Intag Valley

Flight from Cuenca to Quito with views of Cotopaxi above the clouds. To save time we took a taxi to Otavalo ($60), through the bad land gorges that surround the airport and back across the equator.  Otavalo has a neighbouring and vast high altitude lake and an extinct volcano sitting over it.

From the Terminal Terrestre we find the occasional bus to the Intag valley, a fairly quiet destination about 2.5hrs west of here. Twisting roads skirt some secondary rainforest with views to more pristine areas further north. We end up in a deep valley with a raw river running steeply. Fairly populated, fairly deforested and farmed.

Get the bus to drop us at Pachego Farmhouse, a B&B set up a couple of years ago by an Argentinian expat, inspired by the local landscape. She’s still learning the seasons and the patterns of tourists.

Morning mists

3 nights of good (non-Ecuadorian) food and local exploration. The valley is very pretty; morning mists and clouds within it. We walk across the hand built suspension bridges and find sketchy paths through the sugar cane. We set off up rough paths up the valley and never reach the top; a group of 5 dogs follow us and make it their adventure too. Subsistence farms of sugar, coffee, cows and naranjilla; a citrus -looking plant that tastes slightly of rhubarb but looks like a passion fruit.

Looking north

Coffee and naranjilla farms advance up the valley sides

There are some thermal baths just down the road. Past their best and empty until the evenings but $3 to lie in some warm and hot baths (up to 40º). We meet an English expat family who moved to the valley 4-5 years ago , live very cheaply but struggle economically. Only honey makes money.

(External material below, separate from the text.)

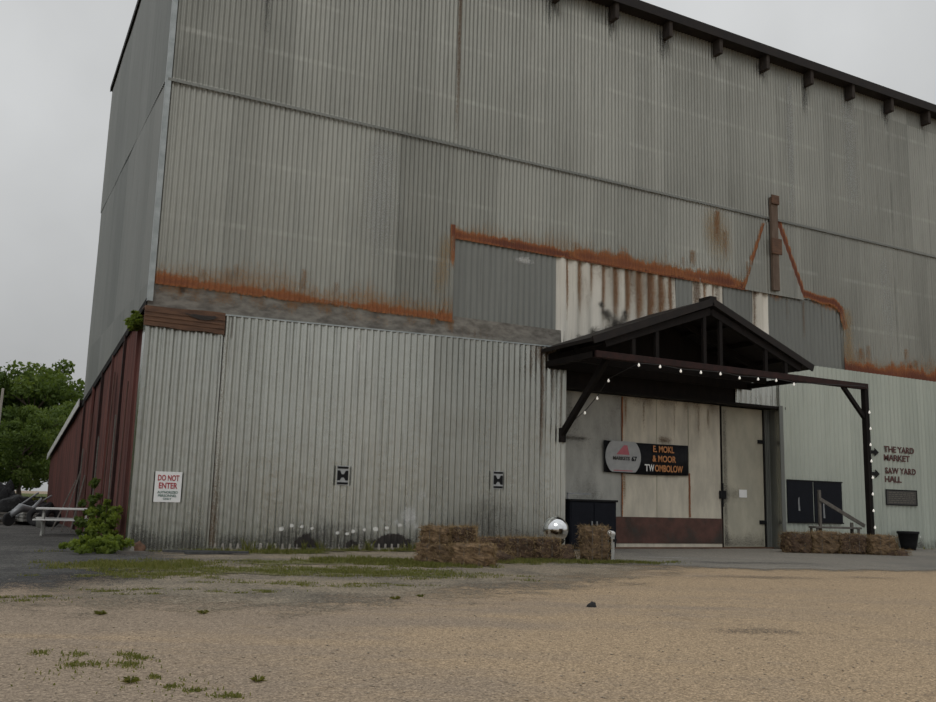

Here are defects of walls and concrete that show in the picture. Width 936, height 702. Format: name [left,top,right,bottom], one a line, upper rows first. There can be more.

rust [154,205,789,340]
rust [778,221,936,382]

One day we get a lift halfway up the other valley side. Dropped off when it got to steep we walk up to a plateau covered in drying corn plants and some heavily eroded burial mounds. One is the sun temple of Wariman, a partially explored site. The main mound still has a large trench from excavations in the 1930s. Archaeologists in the 80s dated the site to 500AD.  Signs of fires and shamen activity. The current owners were trying to encourage a level of respectful tourism here and had built in this unlikely and remote spot Latin America’s longest and steepest zipwire.  Fortunately for us the men seemed to have gone off for the day and we escaped having to try it out. Walked and hitched back.